DHCR's discretion in determining whether to authorize a refusal to offer lease renewals pursuant to RSC § 2524.5(a)(2) is circumscribed by the criteria whether an applicant has established a financial ability to demolish the building, whether plans for the undertaking have been approved by the appropriate city agency, and whether the applicant has complied with the statutory provisions for the relocation of rent stabilized tenants, the reimbursement of moving expenses, and the payment of stipends (see RSC § 2524.5(a)(2)(ii)(a)-(f)).  In deciding an RSC § 2524.5(a)(2) application, DHCR is not authorized to consider the environmental concerns detailed in an EIS (see Incorporated Vil. of Atl. Beach v.

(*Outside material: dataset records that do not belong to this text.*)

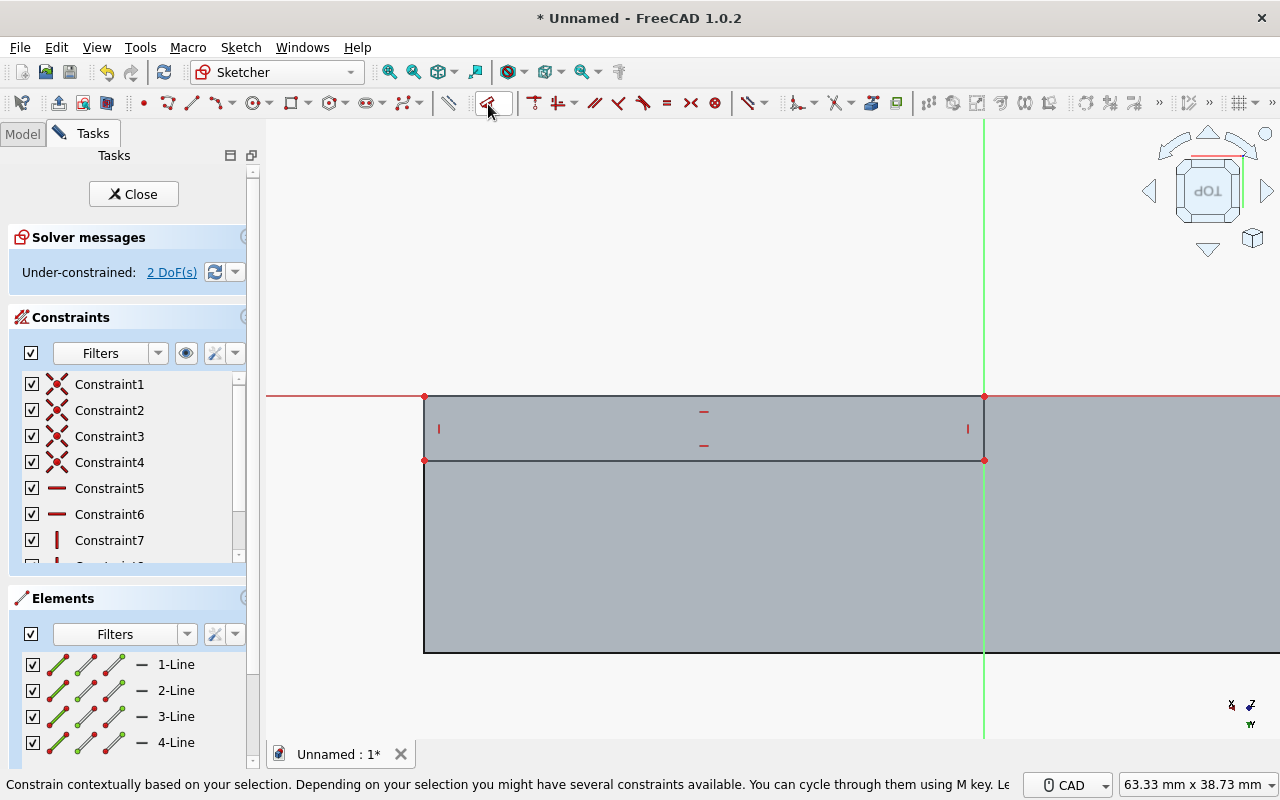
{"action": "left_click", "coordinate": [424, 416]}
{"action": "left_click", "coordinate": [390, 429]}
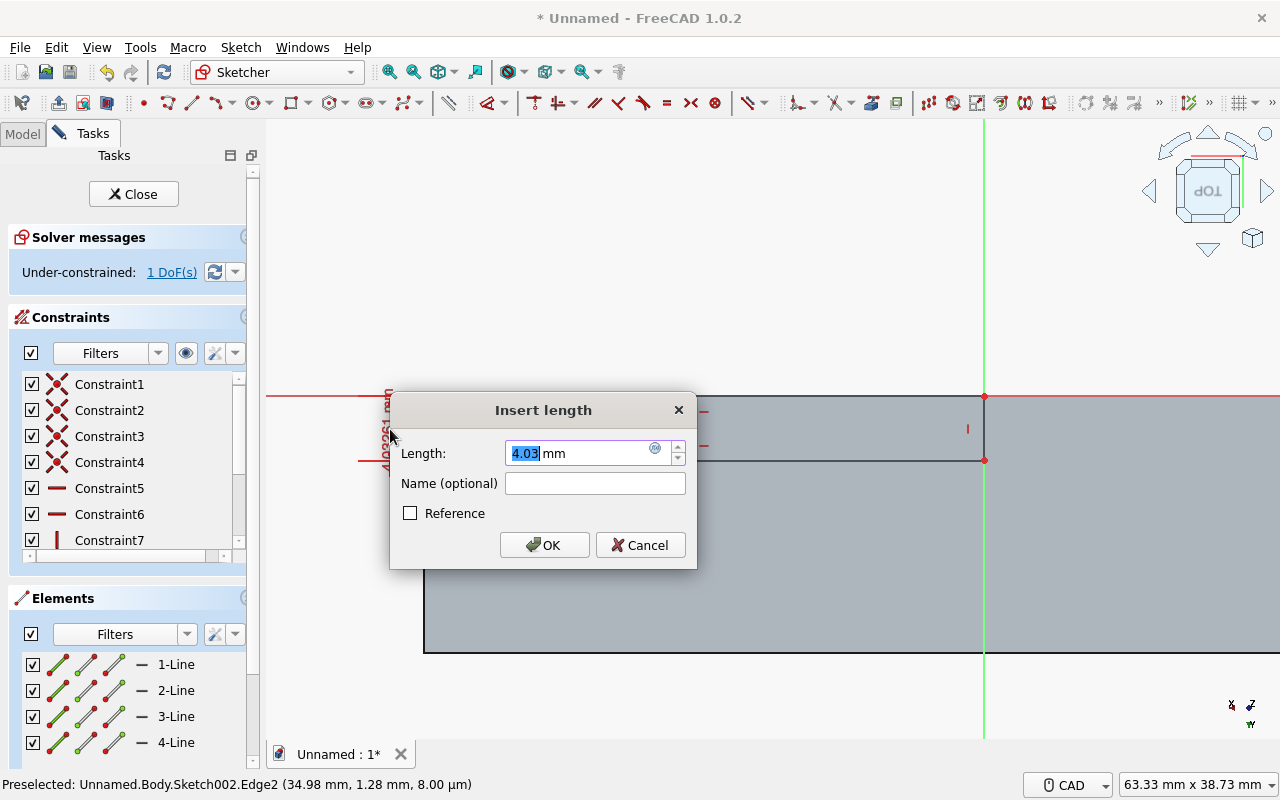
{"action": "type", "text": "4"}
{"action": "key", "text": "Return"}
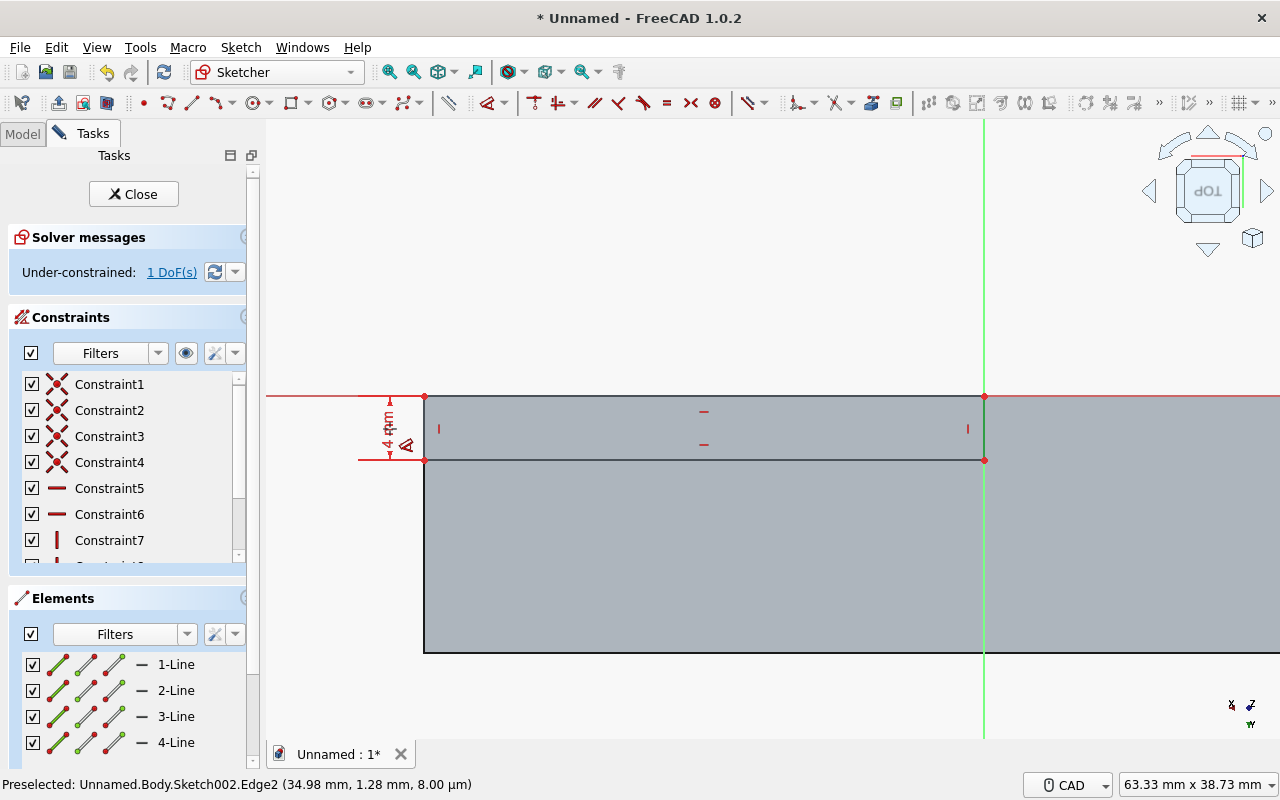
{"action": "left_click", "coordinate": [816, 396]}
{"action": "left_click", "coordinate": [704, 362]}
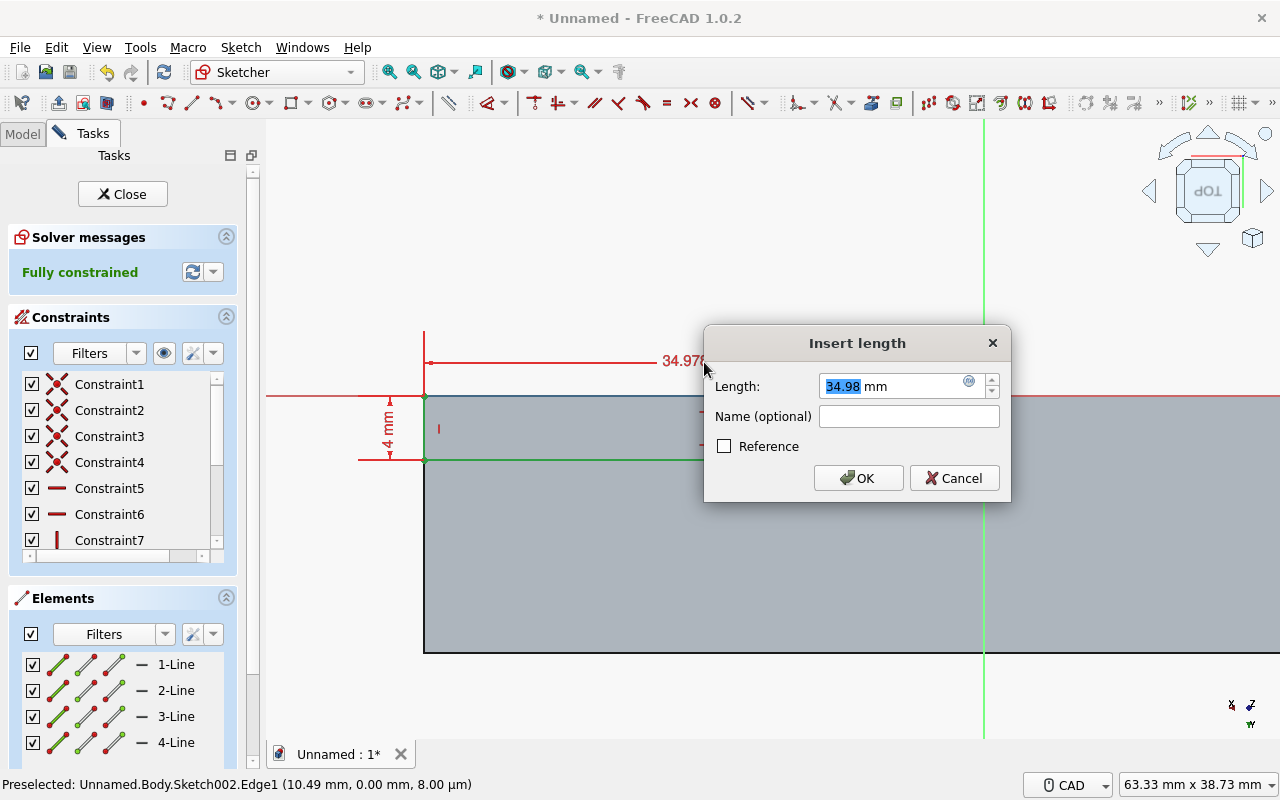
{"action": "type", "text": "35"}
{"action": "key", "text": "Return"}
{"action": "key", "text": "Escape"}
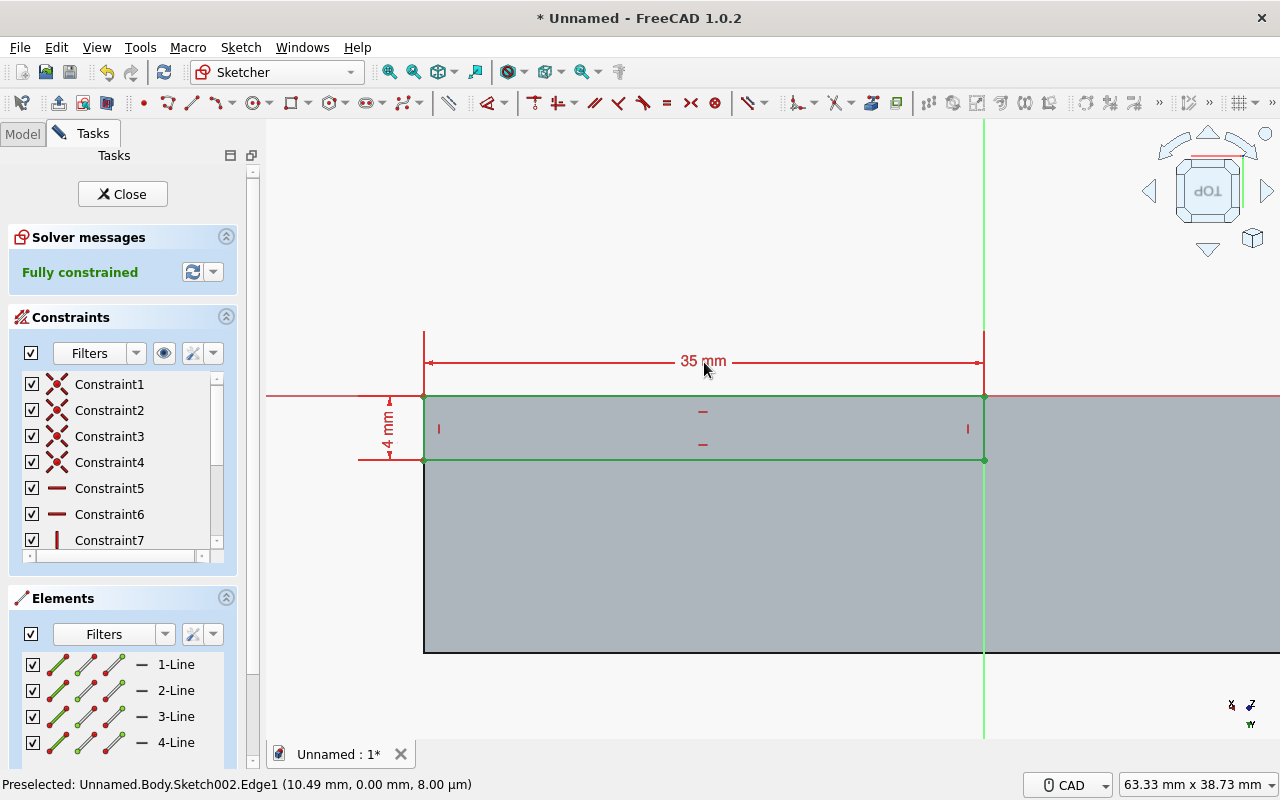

Gavalas, 81 N.Y.2d 322, 599 N.Y.S.2d 218, 615 N.E.2d 608 [1993] ).   Thus, for SEQRA purposes, DHCR's determination of an RSC § 2524.5(a)(2) application is not an “action” on which the preparation of an EIS is required, but is merely “ministerial” (see ECL § 8-0105[5][ii];  § 8-0109[2];  Gavalas at 326, 599 N.Y.S.2d 218, 615 N.E.2d 608;  Matter of Citineighbors Coalition of Historic Carnegie Hill v. New York City Landmarks Preserv. Commn., 306 A.D.2d 113, 762 N.Y.S.2d 59 [2003], appeal dismissed 2 N.Y.3d 727, 778 N.Y.S.2d 740, 811 N.E.2d 2 [2004] ).